Empirically trained orientation detector

An orientation map assigns a direction to every region in an image at a certain scale, summarizing the dominant orientation of edges within that region. Many mathematically sound methods have been developed to produce such maps. The work described here is almost just a thought experiment, to see how well it would be possible to perform this task without a model, and at as fine a scale as possible. (relevant chapter, pdf)

First, a robot experiments with tapping objects placed in front of it, and segments them based on motion. By sampling the appearance of these objects around their boundaries, the robot collects data about how appearance maps to edge direction. This information is accumulated over time. Figure 1 shows the angles assigned to the most common patches seen by the robot. Patches are small (4 by 4 pixels) and quantized to be binary for simplicity.

Figure 1: the patches the robot sees, ranked by frequency. Each red line corresponds to the angle automatically assigned to the patch around it.

Once the relationship between appearance and direction is quantified, it is converted into a look-up table and applied to the images the robot sees. This assumes that appearance information learned from the boundaries of specific objects can usefully be applied to other situations. Experimentally, this proved to be true. An example look-up table for 4 by 4 binary patches (a very practical size) is available as a table (orient.txt) or distilled into an image for ease of use:

(download as png, ppm, bmp, or plain text)

To understand the table, begin with a patch you wish to assign a direction to -- for example, the following:

0	0	0	0
0	0	1	1
0	1	1	1
1	1	1	1

To find the orientation of this patch, first convert it into a binary index by adding all the pixels weighted by the following coefficients:

2¹⁵	2¹⁴	2¹³	2¹²
2¹¹	2¹⁰	2⁹	2⁸
2⁷	2⁶	2⁵	2⁴
2³	2²	2¹	2⁰

The above patch corresponds to an index of 895 (2⁹+2⁸+2⁶+2⁵+2⁴+2³+2²+2¹+2⁰). So we look at line 895 of orient.txt. The second number on this line is the direction in radians (actually, it needs to be multiplied by two to get the direction, and then flipped in sign for positive angles to be counter-clockwise, the usual convention). The third number says whether the direction is meaningful (anything over a tiny threshold, e.g. 0.001, is fine). So in this case the angle is -0.57 radians or about 33 degrees.
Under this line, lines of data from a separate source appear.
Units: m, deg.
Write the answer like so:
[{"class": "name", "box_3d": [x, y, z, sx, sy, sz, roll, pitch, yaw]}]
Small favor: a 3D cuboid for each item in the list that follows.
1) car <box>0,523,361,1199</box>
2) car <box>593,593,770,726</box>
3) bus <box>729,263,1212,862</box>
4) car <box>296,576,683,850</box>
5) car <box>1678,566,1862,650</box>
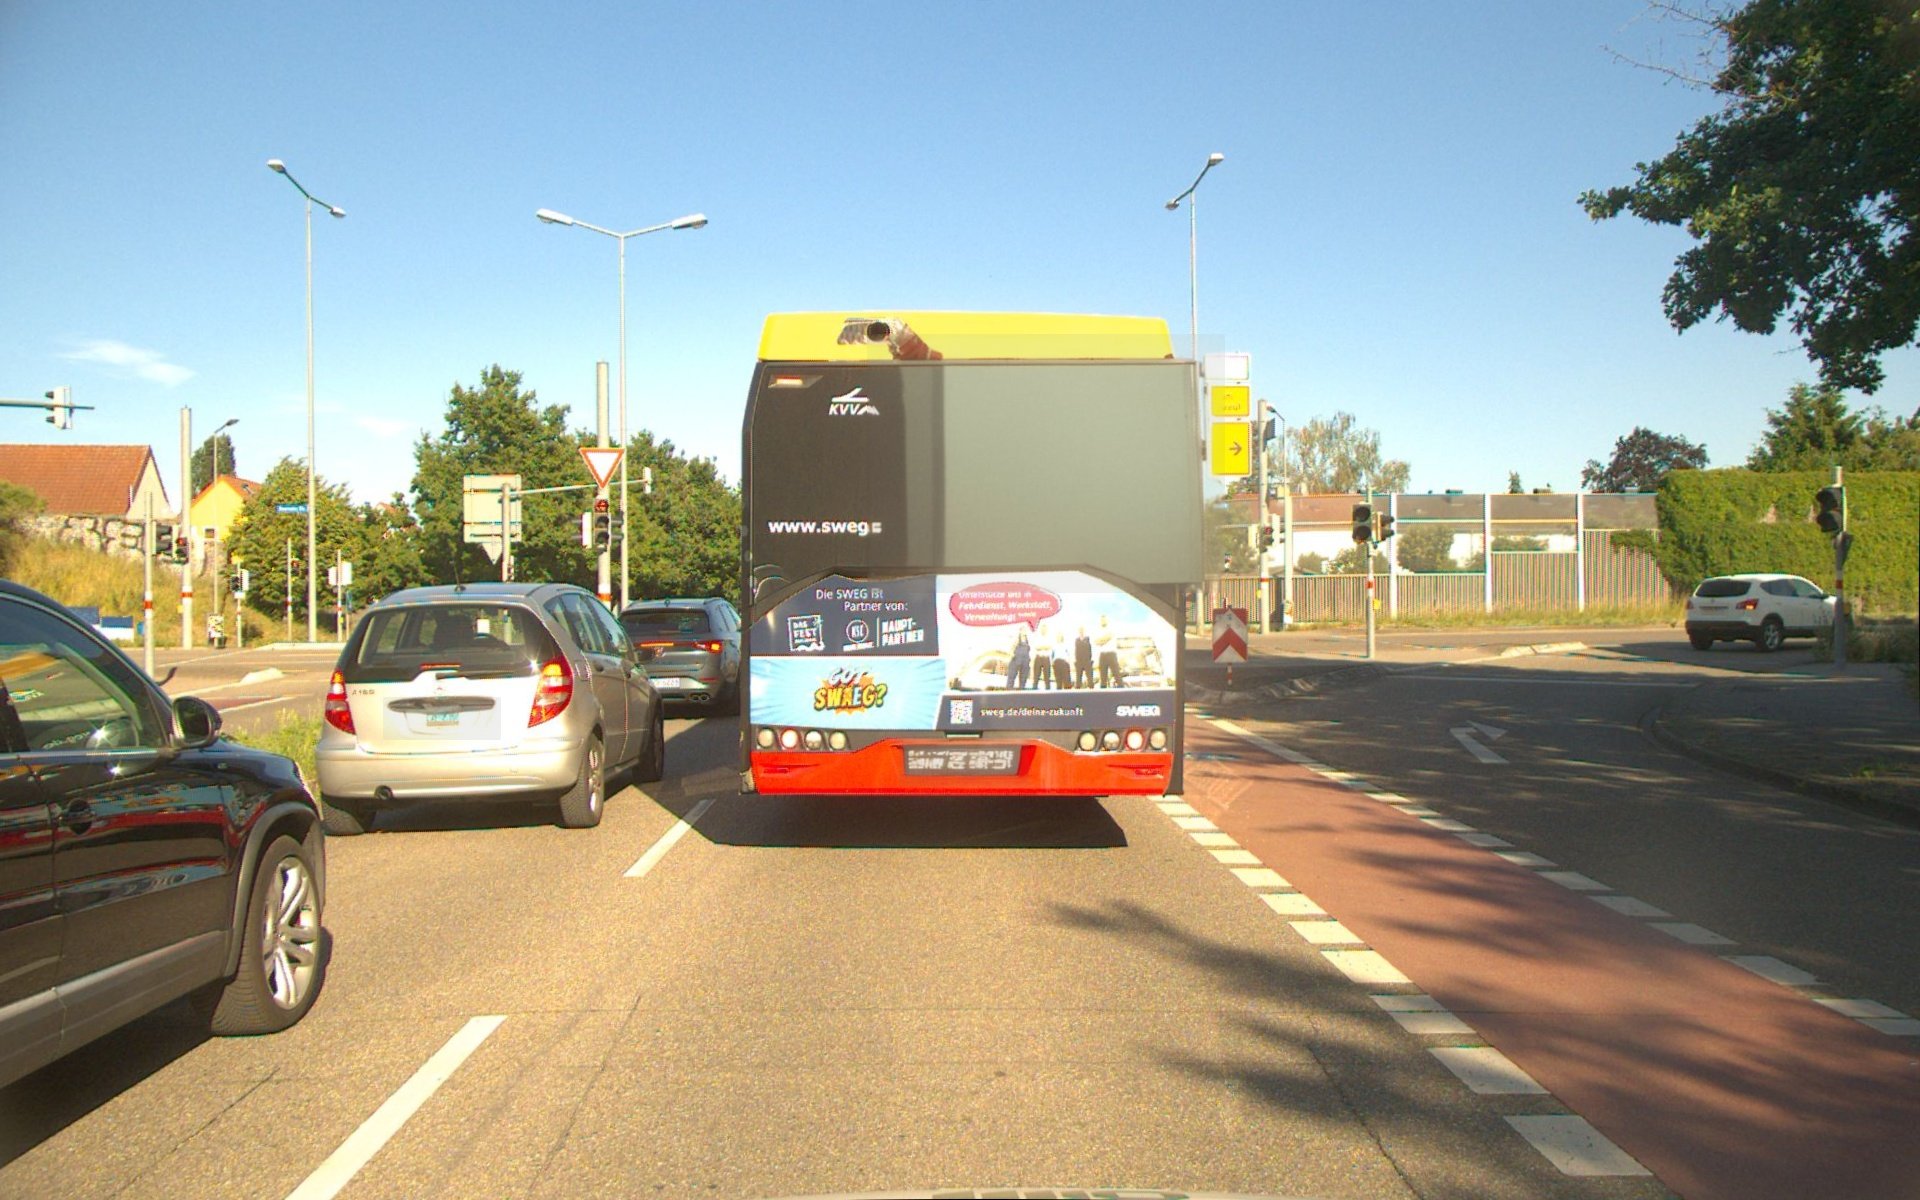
[{"class": "car", "box_3d": [-3.141, 0.688, 4.304, 1.736, 1.682, 3.999, -2, 0, -1]}, {"class": "car", "box_3d": [-3.446, 0.678, 21.059, 1.658, 1.484, 3.750, -2, 0, -1]}, {"class": "bus", "box_3d": [0.024, -0.252, 14.894, 2.589, 3.222, 11.860, 0, 0, 0]}, {"class": "car", "box_3d": [-3.214, 0.684, 12.131, 1.725, 1.617, 3.999, -2, 0, -1]}, {"class": "car", "box_3d": [17.450, 0.128, 35.589, 4.015, 1.635, 1.704, -2, 1, -32]}]

The table can be conveniently compressed into an image (png, ppm, bmp) if we are willing to be selective about the information we keep. The above image can be converted back to the important columns of the table with code like the following (fill in your own pixel access stuff):

for (int i=0; i<65536; i++)
{
  int column = i%256;
  int row = i/256;

  PIXEL& pix = GETPIXEL(column,row);

  float angle = pix.RED/100.0-1;
  float mag =  pix.GREEN/255.0;
  float freq = pix.BLUE;
  printf("%d %g %g %g\n", i, angle, mag, freq);
}

This isn't the best way to do this, and the quantization does have an impact (particularly in the less than optimal way it is currently done) but it is fun to have a picture to look at.